(Items from a data source)
________

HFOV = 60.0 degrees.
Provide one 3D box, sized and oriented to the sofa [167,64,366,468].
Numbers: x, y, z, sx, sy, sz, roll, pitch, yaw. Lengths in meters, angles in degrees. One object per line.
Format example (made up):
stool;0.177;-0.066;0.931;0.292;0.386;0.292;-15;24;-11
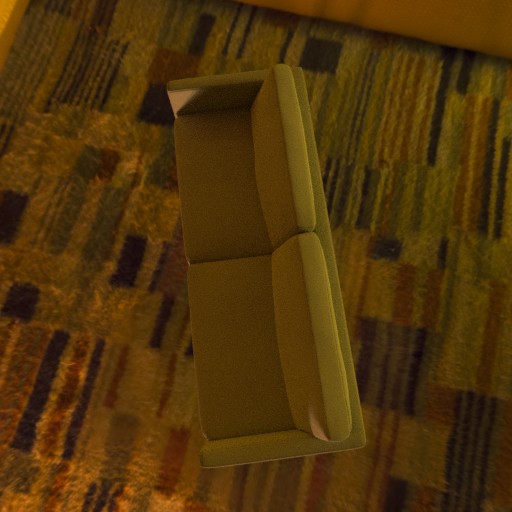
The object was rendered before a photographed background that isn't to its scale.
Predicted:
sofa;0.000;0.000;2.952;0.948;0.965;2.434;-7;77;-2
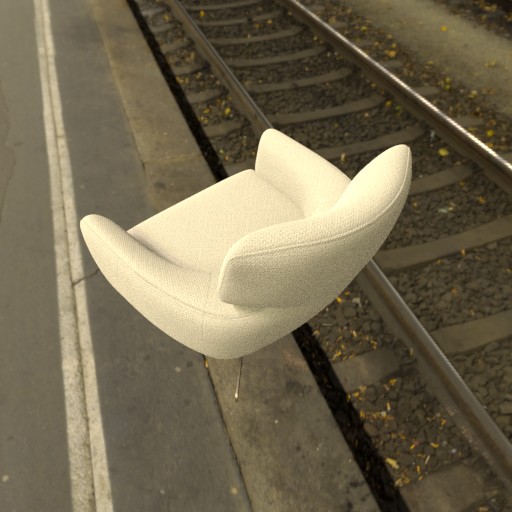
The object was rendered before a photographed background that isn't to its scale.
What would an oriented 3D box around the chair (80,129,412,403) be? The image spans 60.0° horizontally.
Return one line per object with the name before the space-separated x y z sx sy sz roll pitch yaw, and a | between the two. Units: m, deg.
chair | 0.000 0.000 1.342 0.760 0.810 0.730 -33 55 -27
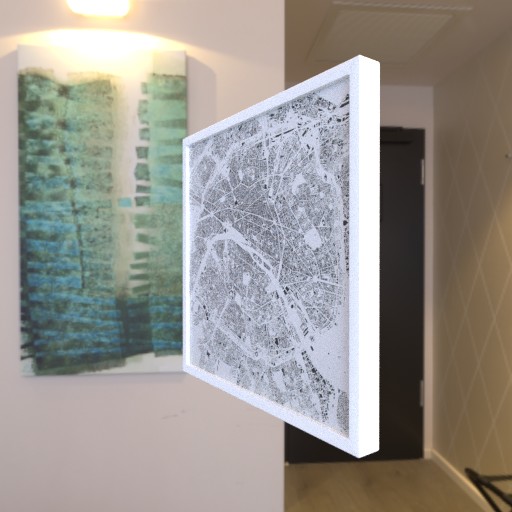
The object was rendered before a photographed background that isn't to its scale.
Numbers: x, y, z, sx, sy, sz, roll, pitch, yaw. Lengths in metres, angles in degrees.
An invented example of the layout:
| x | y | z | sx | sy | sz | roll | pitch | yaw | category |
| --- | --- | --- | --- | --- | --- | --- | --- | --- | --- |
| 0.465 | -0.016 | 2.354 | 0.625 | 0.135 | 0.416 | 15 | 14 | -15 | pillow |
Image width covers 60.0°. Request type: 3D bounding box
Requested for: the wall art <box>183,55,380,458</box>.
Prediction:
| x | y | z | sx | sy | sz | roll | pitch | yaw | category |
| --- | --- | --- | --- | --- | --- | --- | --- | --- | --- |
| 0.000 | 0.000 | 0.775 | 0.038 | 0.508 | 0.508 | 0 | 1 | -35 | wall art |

________

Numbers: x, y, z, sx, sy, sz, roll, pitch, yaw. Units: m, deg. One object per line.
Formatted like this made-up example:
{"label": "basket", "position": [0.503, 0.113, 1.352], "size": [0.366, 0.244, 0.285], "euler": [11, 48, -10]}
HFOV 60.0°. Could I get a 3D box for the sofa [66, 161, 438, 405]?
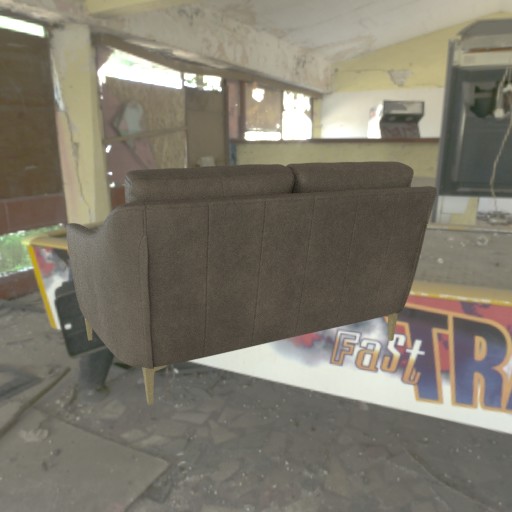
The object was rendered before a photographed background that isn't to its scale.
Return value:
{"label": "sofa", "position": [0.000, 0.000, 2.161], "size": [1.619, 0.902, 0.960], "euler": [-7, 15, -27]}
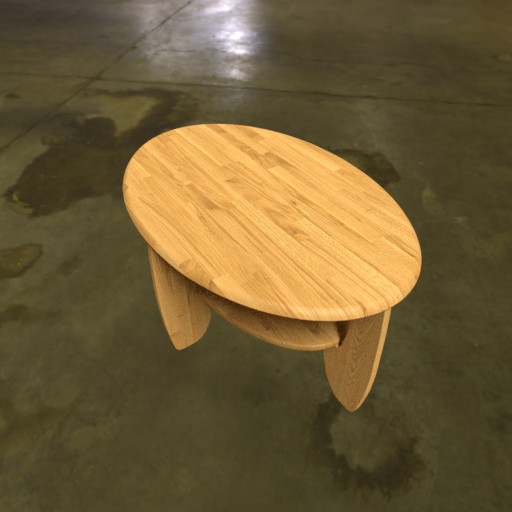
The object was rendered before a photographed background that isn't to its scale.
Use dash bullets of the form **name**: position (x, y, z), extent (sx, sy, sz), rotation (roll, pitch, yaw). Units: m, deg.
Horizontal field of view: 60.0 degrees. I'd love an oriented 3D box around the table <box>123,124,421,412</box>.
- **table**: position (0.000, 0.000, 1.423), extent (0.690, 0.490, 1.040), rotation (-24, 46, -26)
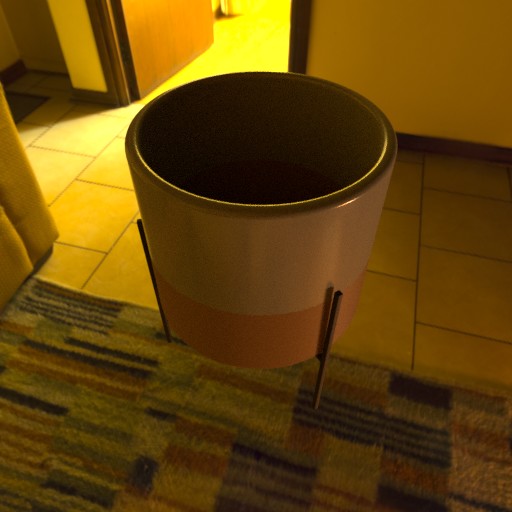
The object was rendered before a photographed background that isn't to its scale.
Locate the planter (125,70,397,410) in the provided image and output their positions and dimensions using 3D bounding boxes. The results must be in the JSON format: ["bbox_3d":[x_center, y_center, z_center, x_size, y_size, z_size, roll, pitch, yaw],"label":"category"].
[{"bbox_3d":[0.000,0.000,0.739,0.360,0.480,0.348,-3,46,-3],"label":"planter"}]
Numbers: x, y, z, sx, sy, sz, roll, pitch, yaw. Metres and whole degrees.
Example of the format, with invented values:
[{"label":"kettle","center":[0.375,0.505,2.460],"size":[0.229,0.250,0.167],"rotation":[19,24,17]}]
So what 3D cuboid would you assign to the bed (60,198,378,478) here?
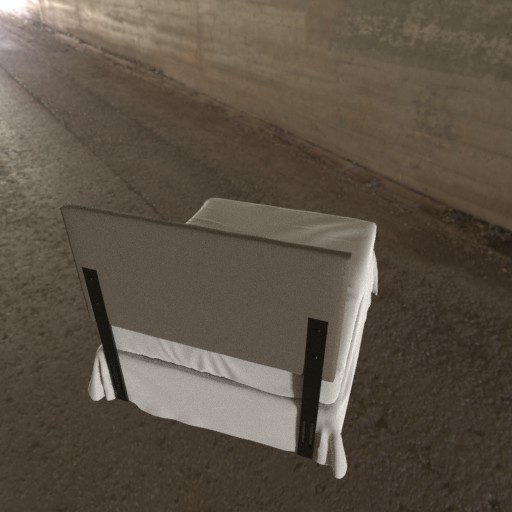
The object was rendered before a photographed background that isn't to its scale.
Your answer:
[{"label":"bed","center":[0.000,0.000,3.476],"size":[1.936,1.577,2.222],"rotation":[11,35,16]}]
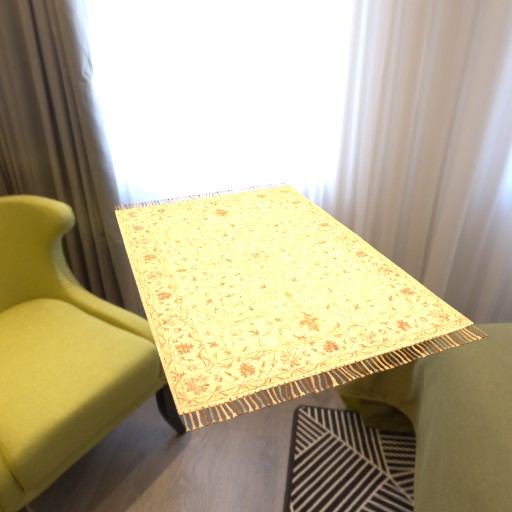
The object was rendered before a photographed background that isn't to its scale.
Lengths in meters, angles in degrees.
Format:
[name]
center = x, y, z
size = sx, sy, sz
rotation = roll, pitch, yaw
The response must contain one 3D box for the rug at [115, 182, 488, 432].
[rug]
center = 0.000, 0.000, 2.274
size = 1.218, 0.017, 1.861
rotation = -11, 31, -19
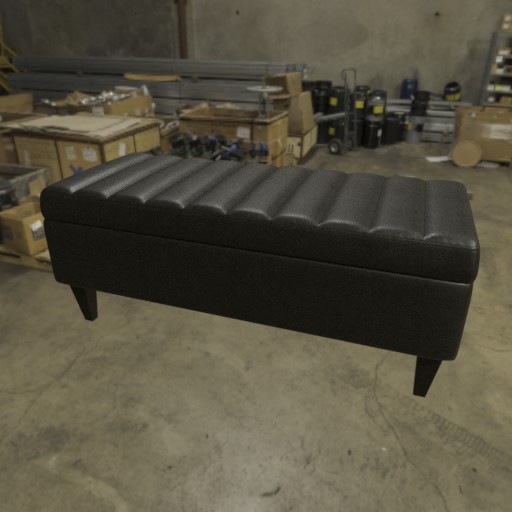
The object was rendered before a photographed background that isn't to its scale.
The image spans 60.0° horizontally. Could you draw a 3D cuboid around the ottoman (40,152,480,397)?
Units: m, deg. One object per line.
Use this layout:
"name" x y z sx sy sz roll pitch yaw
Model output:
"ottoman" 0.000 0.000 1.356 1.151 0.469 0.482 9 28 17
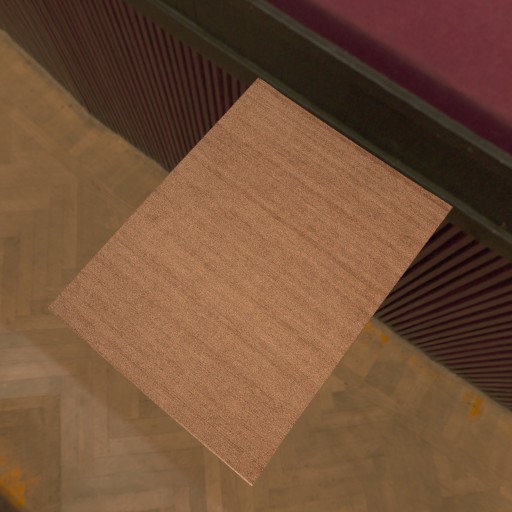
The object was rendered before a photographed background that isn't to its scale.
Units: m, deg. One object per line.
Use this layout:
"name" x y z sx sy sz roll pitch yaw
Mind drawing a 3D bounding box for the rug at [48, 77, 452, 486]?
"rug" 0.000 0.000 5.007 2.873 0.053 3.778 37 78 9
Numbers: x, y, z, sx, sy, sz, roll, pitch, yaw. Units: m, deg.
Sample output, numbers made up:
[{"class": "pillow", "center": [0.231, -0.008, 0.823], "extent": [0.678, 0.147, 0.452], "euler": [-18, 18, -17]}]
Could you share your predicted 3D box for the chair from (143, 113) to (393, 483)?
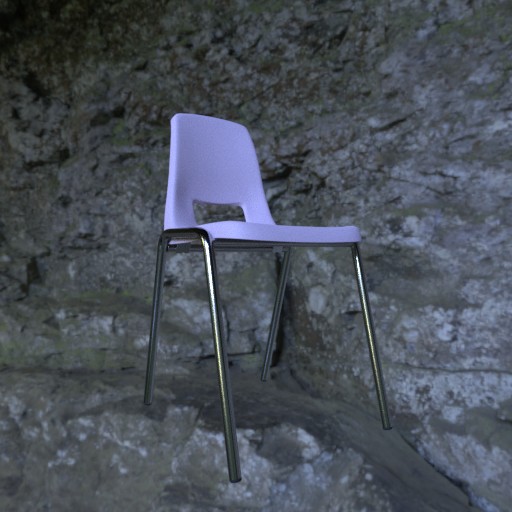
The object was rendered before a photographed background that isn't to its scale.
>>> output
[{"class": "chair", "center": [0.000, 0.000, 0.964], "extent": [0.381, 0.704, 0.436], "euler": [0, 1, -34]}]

________

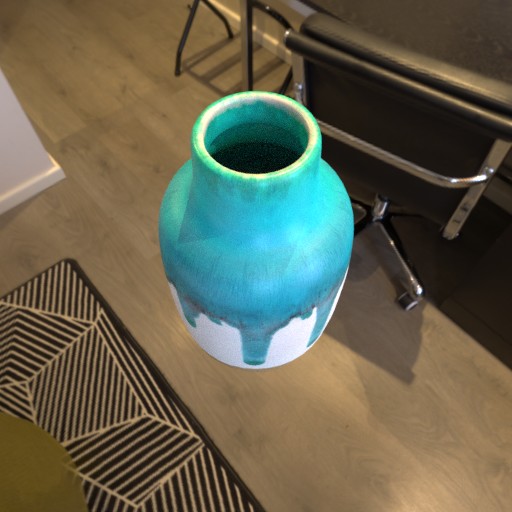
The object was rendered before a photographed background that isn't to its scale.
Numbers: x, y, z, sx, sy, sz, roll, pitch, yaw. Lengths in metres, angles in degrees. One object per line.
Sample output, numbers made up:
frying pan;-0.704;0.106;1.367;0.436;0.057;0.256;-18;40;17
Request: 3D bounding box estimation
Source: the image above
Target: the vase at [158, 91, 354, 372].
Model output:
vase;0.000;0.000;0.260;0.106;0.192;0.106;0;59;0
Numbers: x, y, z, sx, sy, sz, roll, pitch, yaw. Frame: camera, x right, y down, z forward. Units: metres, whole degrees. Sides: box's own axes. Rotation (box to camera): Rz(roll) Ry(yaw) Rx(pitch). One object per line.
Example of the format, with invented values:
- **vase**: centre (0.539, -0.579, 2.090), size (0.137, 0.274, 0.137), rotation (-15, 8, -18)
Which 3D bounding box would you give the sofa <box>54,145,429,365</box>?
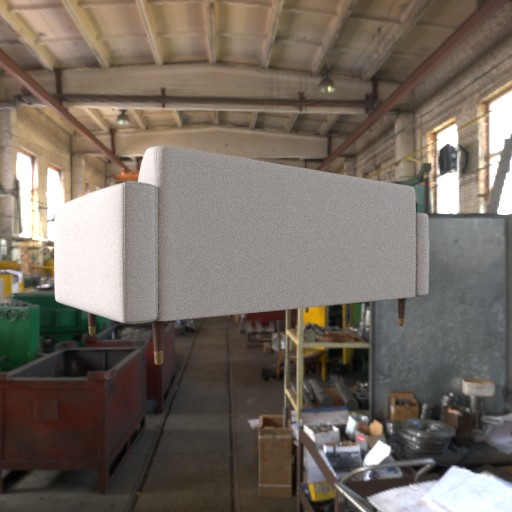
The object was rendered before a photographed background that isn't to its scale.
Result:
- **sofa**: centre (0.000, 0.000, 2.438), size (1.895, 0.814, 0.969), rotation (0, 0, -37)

________

Write out again exactly the lines above from the one with "HFOV = 60.0 degrees." through the one with "-15 | pillow |", adding no other lines and no pictures.

HFOV = 60.0 degrees.
Provide one 3D box, sized and oriented to the sofa [167,64,366,468].
Numbers: x, y, z, sx, sy, sz, roll, pitch, yaw. Lengths in meters, angles in degrees. One object per line.
Format example (made up):
stool;0.177;-0.066;0.931;0.292;0.386;0.292;-15;24;-11
The object was rendered before a photographed background that isn't to its scale.
Predicted:
sofa;0.000;0.000;2.952;0.948;0.965;2.434;-7;77;-2
The object was rendered before a photographed background that isn't to its scale.
What would an oriented 3D box around the chair (80,129,412,403) be? The image spans 60.0° horizontally.
Return one line per object with the name before the space-separated x y z sx sy sz roll pitch yaw, and a | between the two. Units: m, deg.
chair | 0.000 0.000 1.342 0.760 0.810 0.730 -33 55 -27
The object was rendered before a photographed background that isn't to its scale.
Numbers: x, y, z, sx, sy, sz, roll, pitch, yaw. Lengths in metres, angles in degrees.
An invented example of the layout:
| x | y | z | sx | sy | sz | roll | pitch | yaw | category |
| --- | --- | --- | --- | --- | --- | --- | --- | --- | --- |
| 0.465 | -0.016 | 2.354 | 0.625 | 0.135 | 0.416 | 15 | 14 | -15 | pillow |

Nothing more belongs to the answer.